Task description →
Omit any picture, and return the remaining data exactly as written.

##### Data excerpt #####

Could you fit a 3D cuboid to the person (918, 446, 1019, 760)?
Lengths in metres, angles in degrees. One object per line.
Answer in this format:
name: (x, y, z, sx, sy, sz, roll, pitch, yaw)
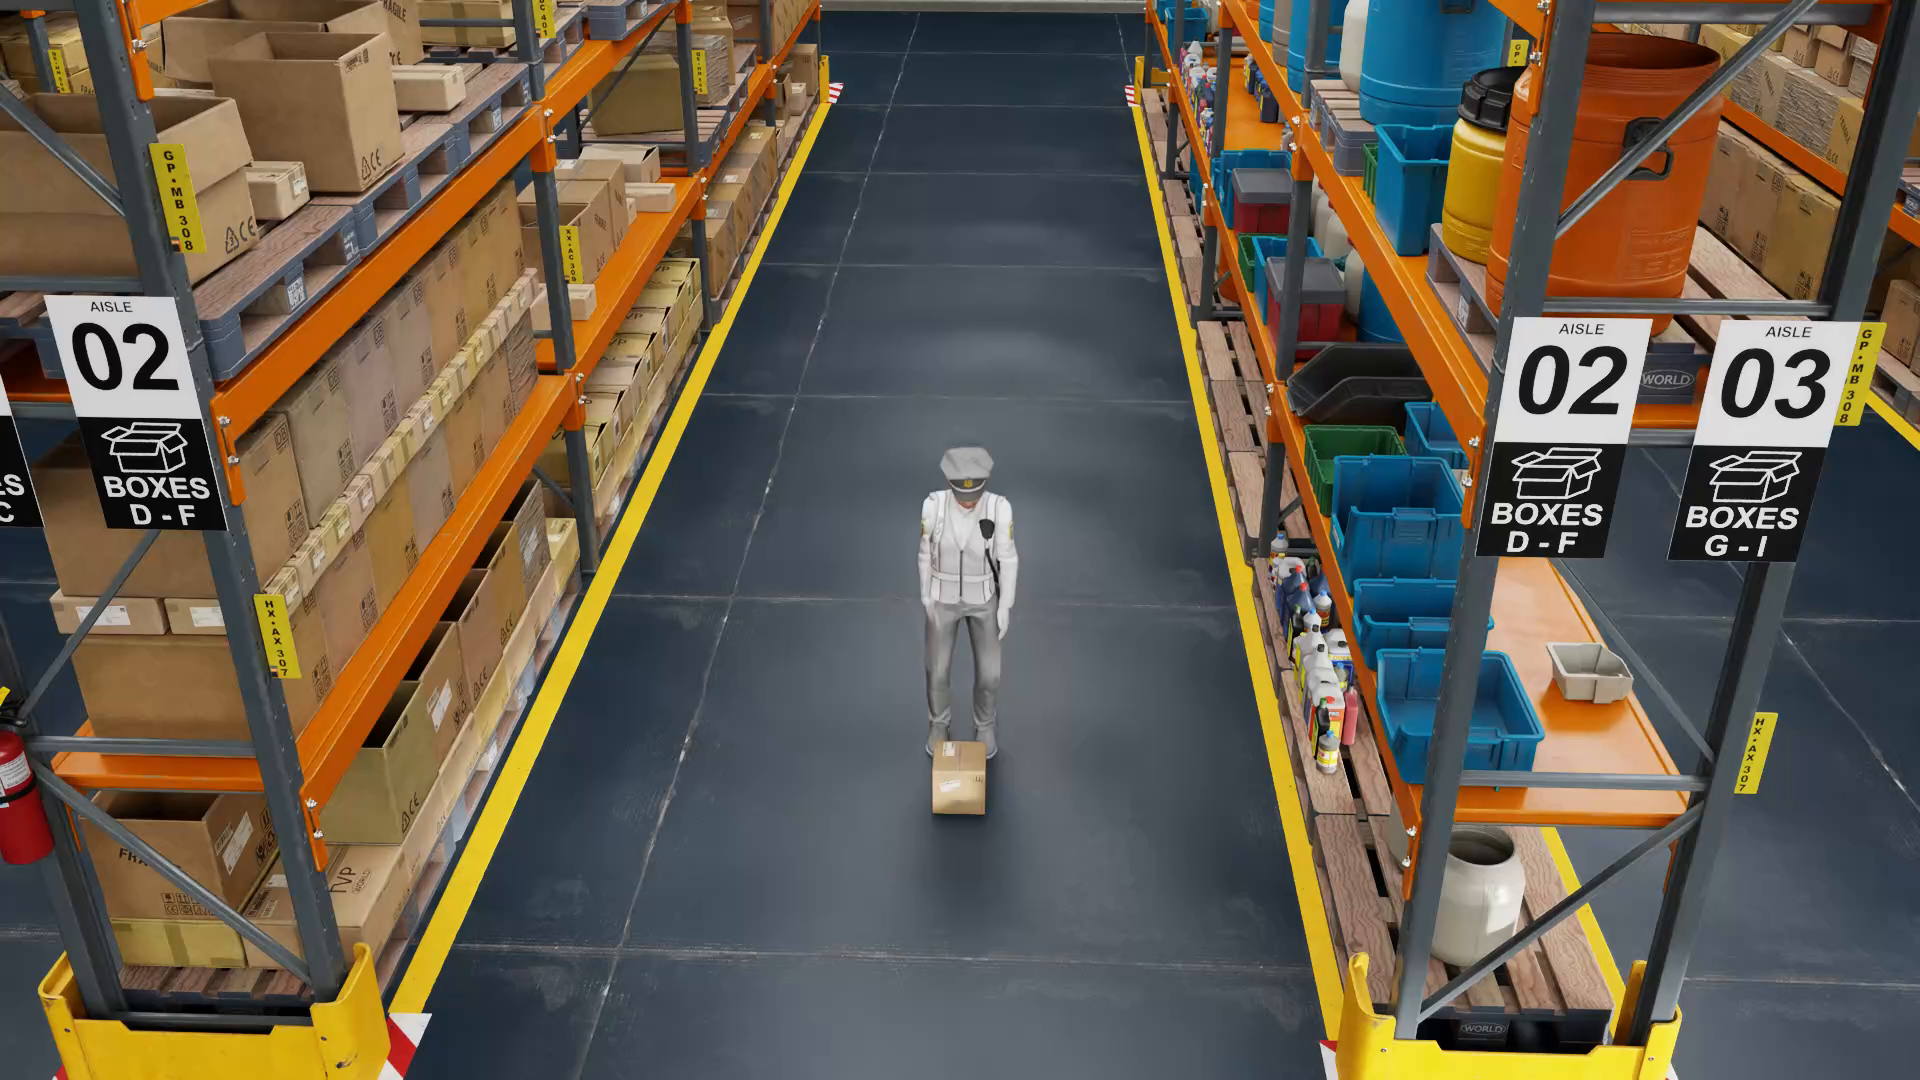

#####

Output of the task →
Could you fit a 3D cuboid to the person (918, 446, 1019, 760)?
Lengths in metres, angles in degrees. One object per line.
Answer in this format:
name: (x, y, z, sx, sy, sz, roll, pitch, yaw)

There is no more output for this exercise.